API Aggregation Layer

The API Aggregation Layer allows registering a custom API server that the kube-apiserver proxies requests to. This is how metrics-server (for kubectl top) and custom metrics APIs (for HPA) work.

Custom Metrics API for HPA

# APIService registers your custom metrics server with the aggregation layer
apiVersion: apiregistration.k8s.io/v1
kind: APIService
metadata:
  name: v1beta1.custom.metrics.k8s.io
spec:
  service:
    name: custom-metrics-apiserver
    namespace: custom-metrics
    port: 443
  group: custom.metrics.k8s.io
  version: v1beta1
  insecureSkipTLSVerify: false
  caBundle: "LS0tLS1CRUdJTi..."
  groupPriorityMinimum: 100
  versionPriority: 100

HPA on Custom Metric

apiVersion: autoscaling/v2
kind: HorizontalPodAutoscaler
metadata:
  name: payments-api-hpa
  namespace: payments-api-production
spec:
  scaleTargetRef:
    apiVersion: apps/v1
    kind: Deployment
    name: payments-api
  minReplicas: 2
  maxReplicas: 20
  metrics:
  # Scale on Prometheus metric via KEDA or custom metrics adapter
  - type: External
    external:
      metric:
        name: payments_queue_depth
        selector:
          matchLabels:
            queue: payments-processing
      target:
        type: AverageValue
        averageValue: "10"   # scale out when queue > 10 items per replica

Platform API Design Principles

Platform APIs are consumed by developers every day. Poor API design creates friction, bugs, and support burden. These principles apply whether you're designing a CRD, a Crossplane XRD (see 08-service-catalog.html), or a Backstage template.

API Design Guidelines

Intent over Implementation

Teams declare what they want, not how to achieve it. spec.size: medium instead of spec.instanceType: m5.xlarge. The operator maps intent to implementation — teams are insulated from AWS instance type changes.

Sensible Defaults

Every optional field should have a default that works for 80% of cases. Use +kubebuilder:default= markers and CRD default: in OpenAPI schema. Teams shouldn't need to specify 20 fields to get a working deployment.

Immutable Fields via CEL

Some fields should never change after creation (database name, region). Mark them with x-kubernetes-validations: rule: "self == oldSelf". This prevents accidental data loss from field updates that would trigger destructive replacement.

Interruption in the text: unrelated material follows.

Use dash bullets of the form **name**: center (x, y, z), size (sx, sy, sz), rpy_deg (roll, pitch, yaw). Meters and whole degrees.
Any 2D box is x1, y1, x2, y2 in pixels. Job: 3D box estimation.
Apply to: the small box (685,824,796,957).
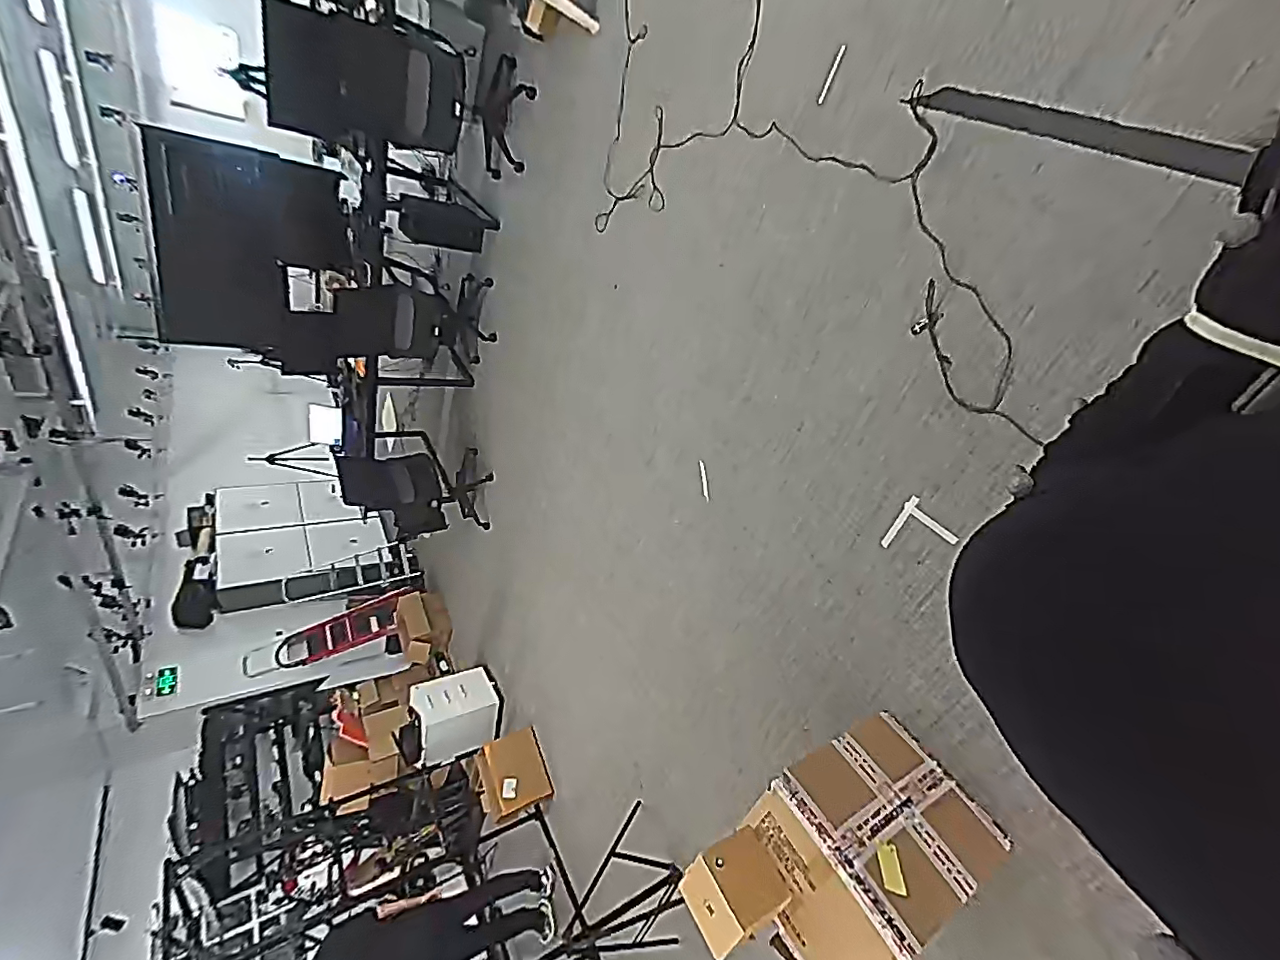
- **small box**: center (0.243, 0.982, 1.308), size (0.179, 0.176, 0.168), rpy_deg (49, 130, 43)

Status Conditions (Standard)

Use the standard metav1.Condition type for status conditions — type, status, reason, message, lastTransitionTime. This integrates with kubectl wait, Argo CD health checks, and standard tooling without custom logic.

Additive-Only Evolution

Never remove or rename fields in a served version. Add new fields with defaults. When breaking changes are needed, add a new API version (v1beta1) alongside the old one and provide a conversion webhook.

ownerReferences for Garbage Collection

Set SetControllerReference on every resource an operator creates. When the parent CRD is deleted, K8s cascades deletion to all owned resources automatically. Without this, orphaned Deployments and Services accumulate.

API Versioning Lifecycle

# Serving multiple versions simultaneously
spec:
  versions:
  - name: v1alpha1
    served: true
    storage: false    # deprecated; still served for old clients
    deprecated: true
    deprecationWarning: "v1alpha1 is deprecated; use v1beta1"
  - name: v1beta1
    served: true
    storage: true     # new storage version
  - name: v1
    served: true
    storage: false    # GA; not yet storage (migration in progress)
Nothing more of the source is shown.